=== RECORDS ===
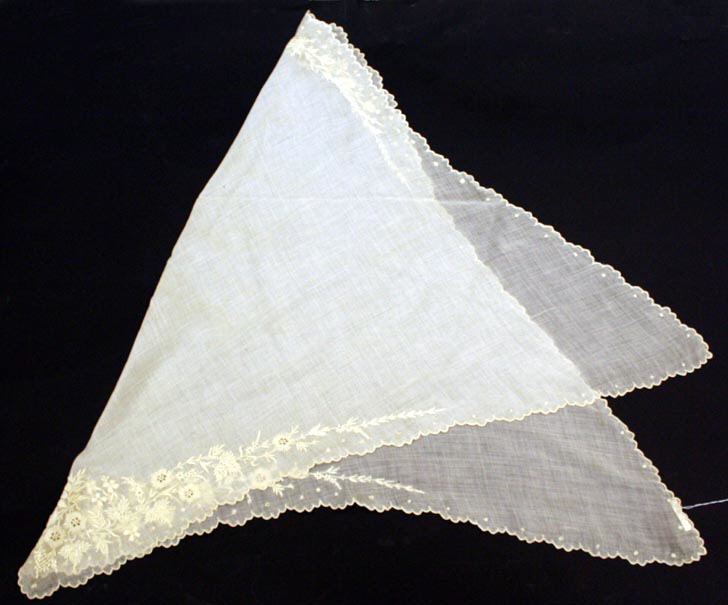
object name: kerchief
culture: american
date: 1834-1866
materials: cotton
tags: flowers
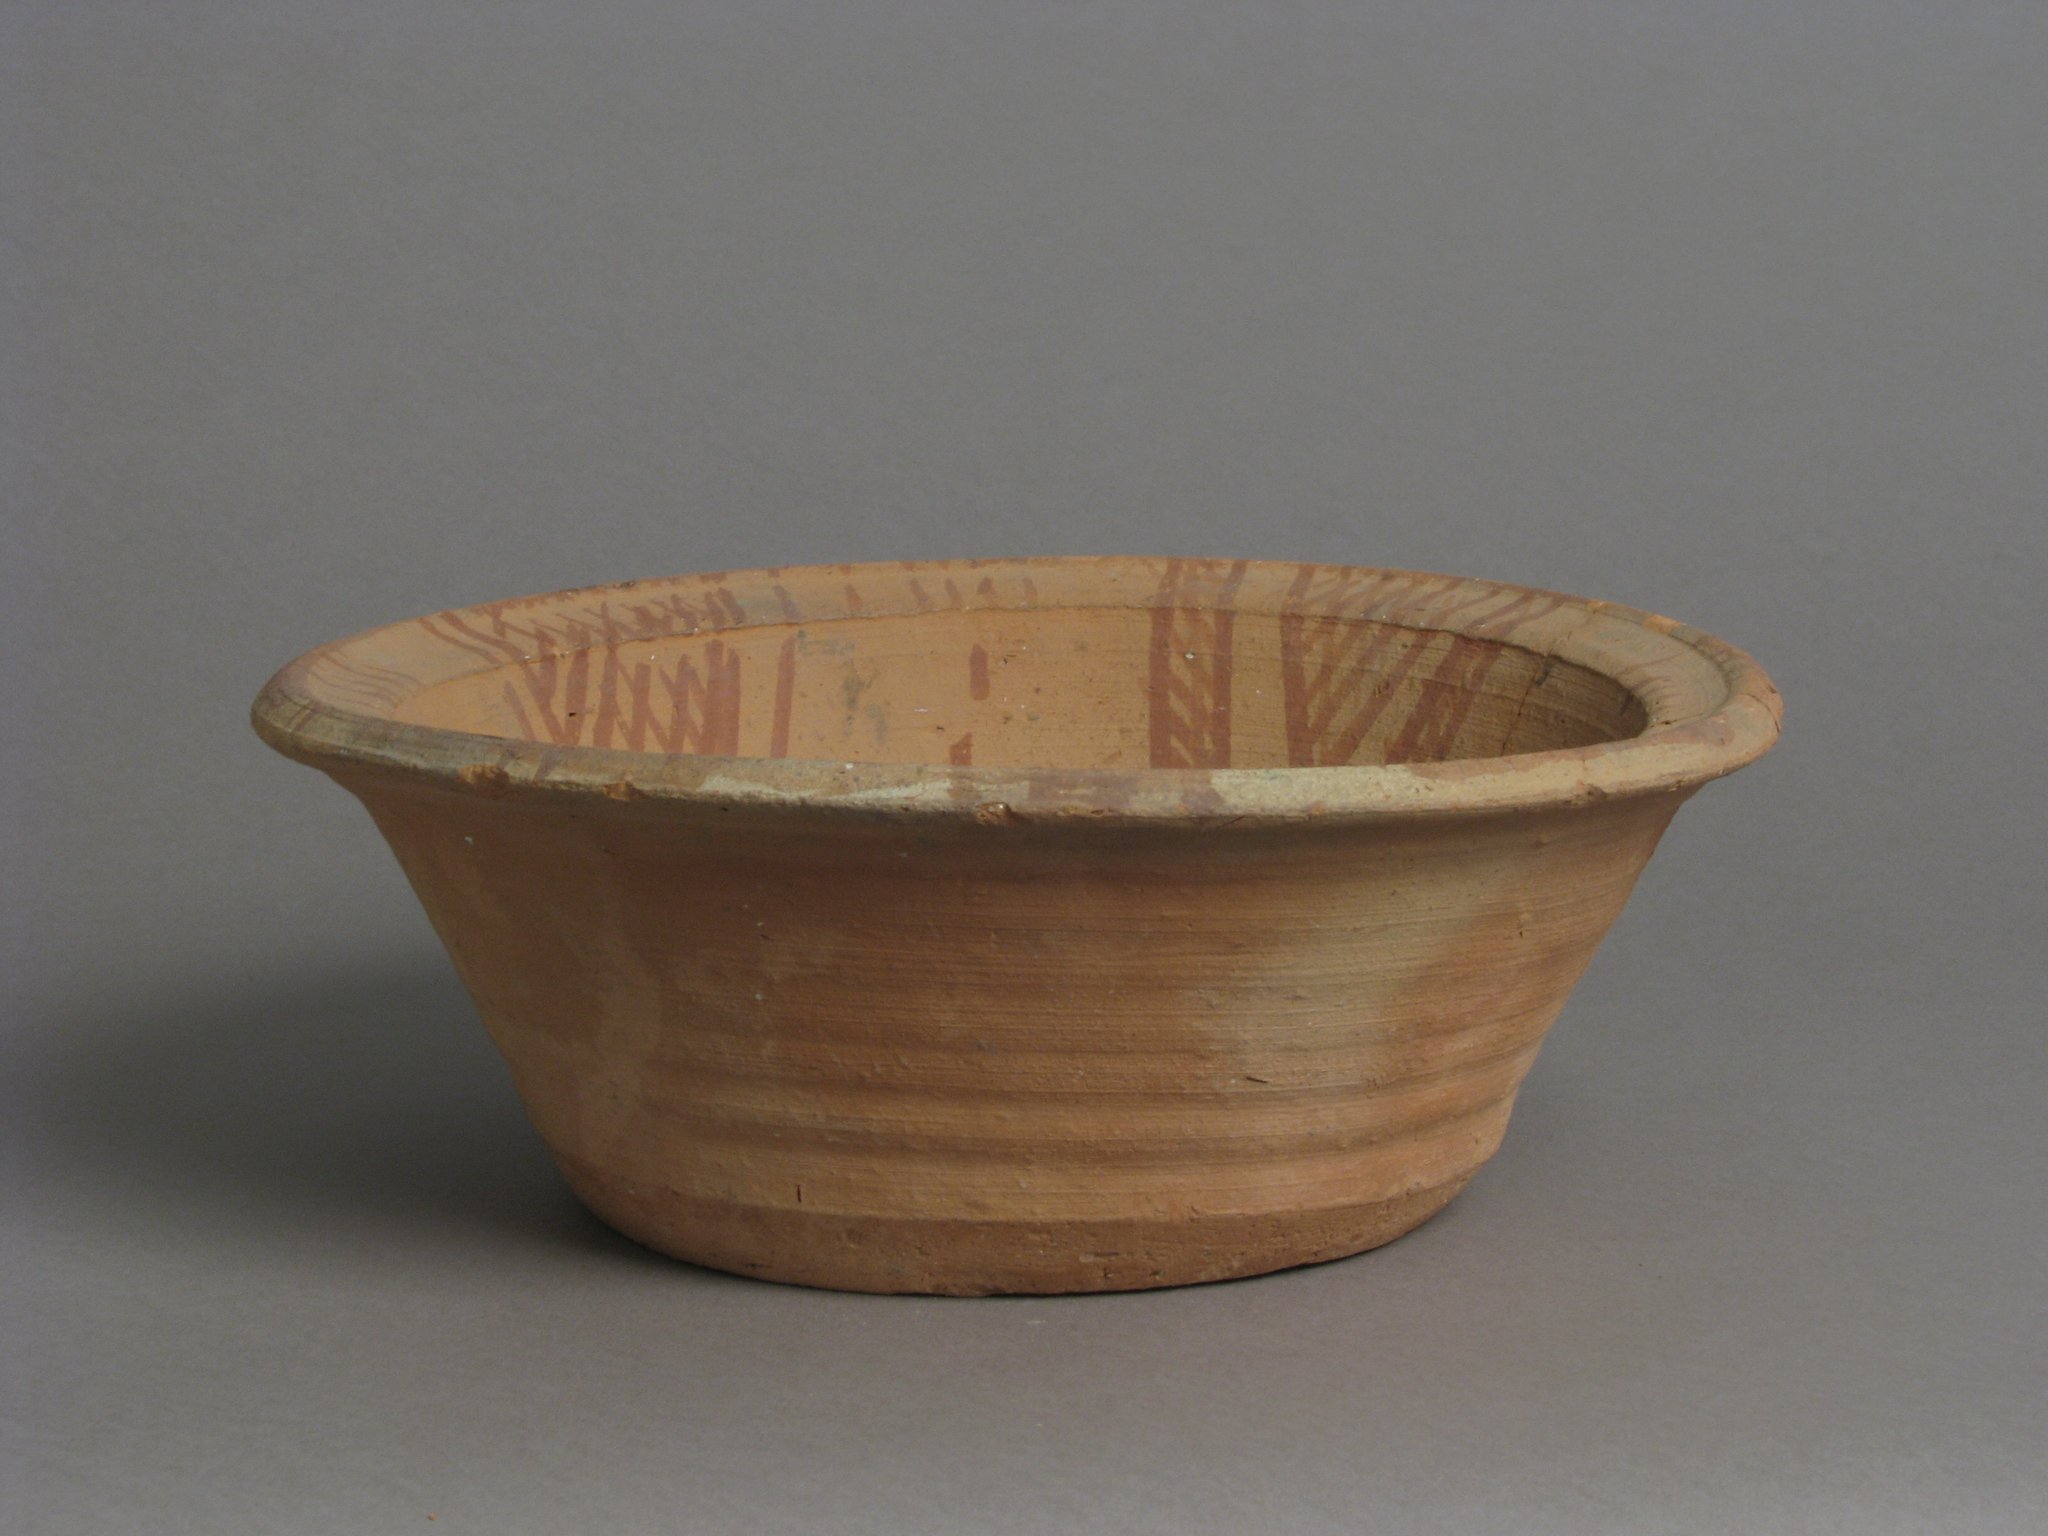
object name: bowl
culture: coptic
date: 301-700
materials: earthenware
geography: egypt
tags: bowls
===
» PROBLEM DESCRIPTION: Please reproduce the listing exactly, leaving out any pictures.

» WRITTEN RESPONSE:
object name: kerchief
culture: american
date: 1834-1866
materials: cotton
tags: flowers
object name: bowl
culture: coptic
date: 301-700
materials: earthenware
geography: egypt
tags: bowls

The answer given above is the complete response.